The Rolling Stone Interview: Jim Morrison

Jim Morrison of The Doors on THE SMOTHERS BROTHERS COMEDY HOUR, January 6th, 1969. CBS/Getty
Jim Morrison of The Doors on THE SMOTHERS BROTHERS COMEDY HOUR, January 6th, 1969. CBS/Getty
THIS ARTICLE WAS WRITTEN BY JERRY HOPKINS AND PUBLISHED BY ROLLING STONE ON JULY 26, 1969.

Few performers have been so consistently controversial as James Douglas Morrison, the vocalist and songwriter of the Doors. And none has caused so many writers to construct so much gothic imagery in an effort to describe the mystique.

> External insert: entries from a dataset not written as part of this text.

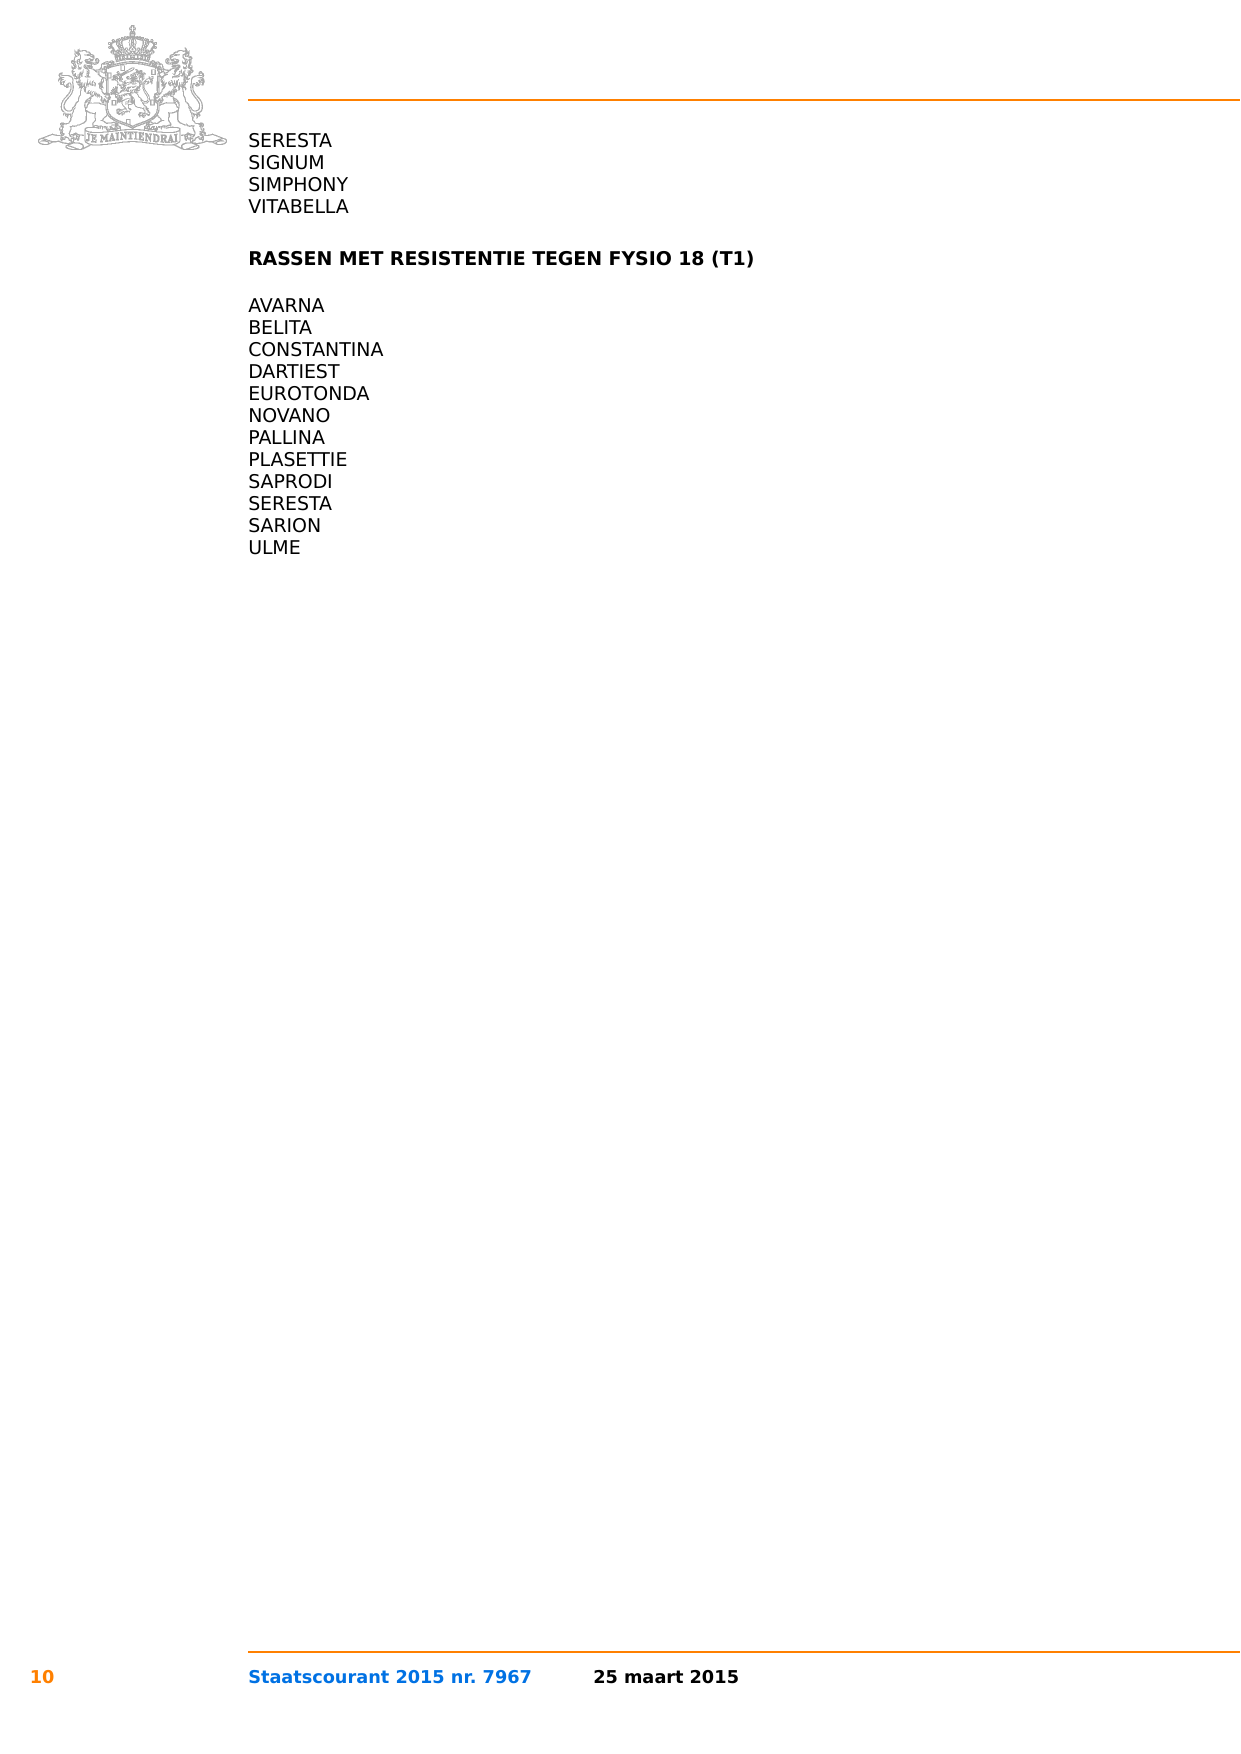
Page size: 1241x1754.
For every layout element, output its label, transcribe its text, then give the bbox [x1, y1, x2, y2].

text EUROTONDA [248, 383, 1163, 405]
subtitle RASSEN MET RESISTENTIE TEGEN FYSIO 18 (T1) [248, 248, 1163, 270]
text ULME [248, 537, 1163, 558]
text SERESTA [248, 130, 1163, 152]
text SIGNUM [248, 152, 1163, 174]
picture [38, 25, 227, 150]
text VITABELLA [248, 196, 1163, 218]
text NOVANO [248, 405, 1163, 427]
text CONSTANTINA [248, 339, 1163, 361]
text SIMPHONY [248, 174, 1163, 196]
text PLASETTIE [248, 449, 1163, 471]
text AVARNA [248, 295, 1163, 317]
text SAPRODI [248, 471, 1163, 493]
text SARION [248, 514, 1163, 537]
text DARTIEST [248, 361, 1163, 383]
text BELITA [248, 317, 1163, 339]
text SERESTA [248, 493, 1163, 514]
text PALLINA [248, 427, 1163, 449]
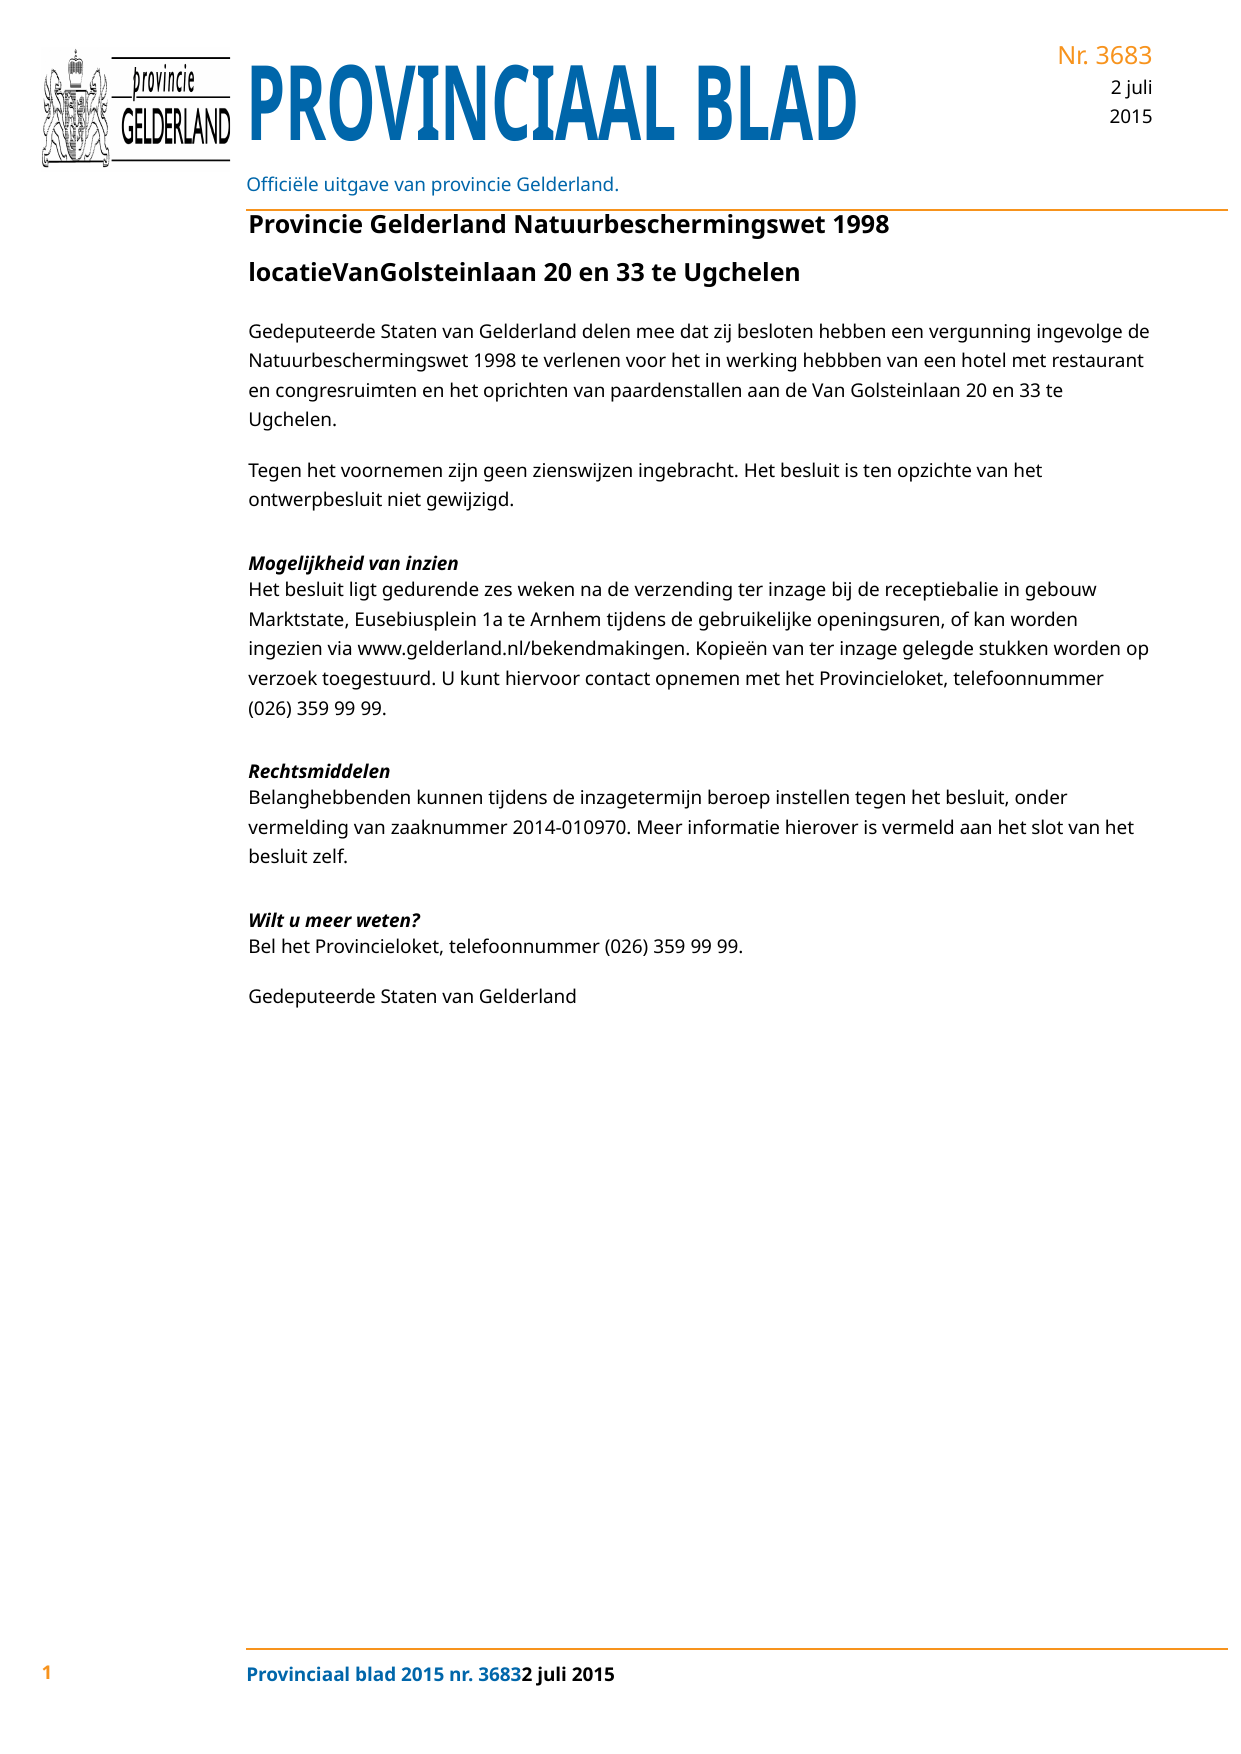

 In the Village Voice, for instance, one chronicler said Morrison was the “first major male sex symbol since James Dean died and Marlon Brando got a paunch” and another called him at (different times) a “leather tiger,” a “shaman-serpent king” and “America’s Oedipal nightingale.” In Eye, he was described as a “demonic vision out of a medieval Hellmouth” and the author of a book about the Doors called him “the Sex-death, Acid-Evangelist of Rock, a sort of Hell’s Angel of the groin.” While the Miami Herald tagged him “The King of Orgasmic Rock,” Joyce Haber dubbed him “the swinging Door” and prose-poet Liza Williams said he was a “baby bullfighter” and “the ultimate Barbie doll.”

If writers have been engaged in an inordinate amount of word-weaving, Morrison’s public has gone farther, spinning and spreading outrageous tales as regularly as the Doors have churned out hits. If you believed them all, Morrison was always drunk and/or stoned; both an angelic choirboy in an unfortunate setting and a satyr seeking a continuing debauch; boorish and inarticulate as well as polite, considered and shy; all the above and none of these. New stories — each wilder than the last — were told each week and over a period of two years Jim Morrison came to represent the perfect Super Star — someone far larger than his work or his life.

In truth, many of the extremes were based on more than fairytale. The week I interviewed him, for example, the Doors were being banned from performing in St. Louis and Honolulu because of exhibitionism and drunkeness charges filed against Morrison following a concert in Miami — yet, it was the same week that Morrison finished writing a screenplay with poet Michael McClure and signed a contract with Simon and Schuster for his own first book of poetry.